[Stored items from a collection]

◆ ◆ ◆ ◆

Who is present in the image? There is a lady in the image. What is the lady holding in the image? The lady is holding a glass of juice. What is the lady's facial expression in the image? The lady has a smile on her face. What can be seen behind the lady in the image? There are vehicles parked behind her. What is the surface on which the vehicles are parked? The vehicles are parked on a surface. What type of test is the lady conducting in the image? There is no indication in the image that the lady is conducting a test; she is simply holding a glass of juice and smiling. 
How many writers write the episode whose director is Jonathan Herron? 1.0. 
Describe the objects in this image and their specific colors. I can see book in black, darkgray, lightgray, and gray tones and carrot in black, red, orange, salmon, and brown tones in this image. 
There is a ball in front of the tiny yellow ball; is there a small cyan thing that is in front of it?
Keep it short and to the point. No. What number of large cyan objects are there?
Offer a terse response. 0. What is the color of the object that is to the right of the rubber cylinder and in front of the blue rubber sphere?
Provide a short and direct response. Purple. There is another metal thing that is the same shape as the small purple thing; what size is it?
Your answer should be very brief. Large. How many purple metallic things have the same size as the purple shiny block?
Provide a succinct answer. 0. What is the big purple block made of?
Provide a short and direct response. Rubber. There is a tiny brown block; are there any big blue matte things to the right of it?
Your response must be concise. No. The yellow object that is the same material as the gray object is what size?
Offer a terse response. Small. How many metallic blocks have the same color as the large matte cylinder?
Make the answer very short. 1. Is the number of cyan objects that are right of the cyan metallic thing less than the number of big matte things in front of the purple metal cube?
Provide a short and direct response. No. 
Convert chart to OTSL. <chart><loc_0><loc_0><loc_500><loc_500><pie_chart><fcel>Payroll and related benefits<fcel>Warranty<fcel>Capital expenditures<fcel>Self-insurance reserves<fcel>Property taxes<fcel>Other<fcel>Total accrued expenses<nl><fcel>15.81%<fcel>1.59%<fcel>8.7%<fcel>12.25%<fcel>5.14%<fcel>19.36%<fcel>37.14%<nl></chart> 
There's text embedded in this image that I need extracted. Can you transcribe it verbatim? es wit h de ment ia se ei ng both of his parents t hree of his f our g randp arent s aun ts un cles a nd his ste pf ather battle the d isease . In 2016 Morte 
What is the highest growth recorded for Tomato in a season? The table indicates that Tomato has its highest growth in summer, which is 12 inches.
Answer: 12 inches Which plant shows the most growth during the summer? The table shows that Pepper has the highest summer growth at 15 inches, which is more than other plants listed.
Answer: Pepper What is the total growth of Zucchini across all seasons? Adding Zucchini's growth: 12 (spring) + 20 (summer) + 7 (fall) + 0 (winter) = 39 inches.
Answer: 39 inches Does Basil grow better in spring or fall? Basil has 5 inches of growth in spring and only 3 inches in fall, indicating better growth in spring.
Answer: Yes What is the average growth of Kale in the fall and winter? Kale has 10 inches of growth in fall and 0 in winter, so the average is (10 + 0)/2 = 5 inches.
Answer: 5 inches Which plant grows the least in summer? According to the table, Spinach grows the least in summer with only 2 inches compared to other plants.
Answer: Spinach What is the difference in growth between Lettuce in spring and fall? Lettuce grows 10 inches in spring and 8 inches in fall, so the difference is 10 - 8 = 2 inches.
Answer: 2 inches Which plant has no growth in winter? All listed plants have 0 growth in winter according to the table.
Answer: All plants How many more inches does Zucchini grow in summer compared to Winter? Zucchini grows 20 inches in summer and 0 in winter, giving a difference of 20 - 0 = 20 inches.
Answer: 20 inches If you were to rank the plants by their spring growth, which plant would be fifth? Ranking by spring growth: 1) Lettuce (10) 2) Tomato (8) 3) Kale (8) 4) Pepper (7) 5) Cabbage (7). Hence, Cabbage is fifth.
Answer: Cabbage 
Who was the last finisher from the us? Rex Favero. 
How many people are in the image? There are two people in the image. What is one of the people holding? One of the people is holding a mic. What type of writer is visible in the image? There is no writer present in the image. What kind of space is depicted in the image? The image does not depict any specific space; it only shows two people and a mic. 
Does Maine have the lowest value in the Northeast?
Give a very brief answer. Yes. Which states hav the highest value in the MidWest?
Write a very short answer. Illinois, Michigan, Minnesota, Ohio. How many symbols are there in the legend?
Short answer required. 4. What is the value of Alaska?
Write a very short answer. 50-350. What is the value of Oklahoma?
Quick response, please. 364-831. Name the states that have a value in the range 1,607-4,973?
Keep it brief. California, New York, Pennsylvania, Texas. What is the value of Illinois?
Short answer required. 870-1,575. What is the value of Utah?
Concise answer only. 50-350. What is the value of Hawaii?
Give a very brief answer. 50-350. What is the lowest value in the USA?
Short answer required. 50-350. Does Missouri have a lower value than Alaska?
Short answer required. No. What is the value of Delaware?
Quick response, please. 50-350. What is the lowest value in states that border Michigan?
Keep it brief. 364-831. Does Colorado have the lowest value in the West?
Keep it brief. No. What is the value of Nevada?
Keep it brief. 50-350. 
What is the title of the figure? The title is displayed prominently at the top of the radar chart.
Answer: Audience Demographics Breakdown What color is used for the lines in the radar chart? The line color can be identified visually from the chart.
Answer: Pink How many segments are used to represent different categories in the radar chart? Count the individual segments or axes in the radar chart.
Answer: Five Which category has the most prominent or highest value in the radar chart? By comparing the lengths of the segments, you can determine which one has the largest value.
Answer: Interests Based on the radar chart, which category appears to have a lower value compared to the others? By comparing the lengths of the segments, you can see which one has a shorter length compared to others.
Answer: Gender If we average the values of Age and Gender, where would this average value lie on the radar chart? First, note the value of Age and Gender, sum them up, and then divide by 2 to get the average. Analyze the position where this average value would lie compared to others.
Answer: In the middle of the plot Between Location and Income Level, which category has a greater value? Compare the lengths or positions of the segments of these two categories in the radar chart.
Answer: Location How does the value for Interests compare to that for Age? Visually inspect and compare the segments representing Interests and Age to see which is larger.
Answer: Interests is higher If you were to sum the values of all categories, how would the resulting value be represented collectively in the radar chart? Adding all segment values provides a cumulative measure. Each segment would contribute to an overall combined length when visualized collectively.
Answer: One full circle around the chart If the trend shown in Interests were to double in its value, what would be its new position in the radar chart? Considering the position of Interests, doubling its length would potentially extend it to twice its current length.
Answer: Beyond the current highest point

◆ ◆ ◆ ◆

#### Action item:
Of the lines above, output exactly those from the line bearing "Answer: In the" through the line bearing "Answer: Location How", inclusive.

#### Result below:
Answer: In the middle of the plot Between Location and Income Level, which category has a greater value? Compare the lengths or positions of the segments of these two categories in the radar chart.
Answer: Location How does the value for Interests compare to that for Age? Visually inspect and compare the segments representing Interests and Age to see which is larger.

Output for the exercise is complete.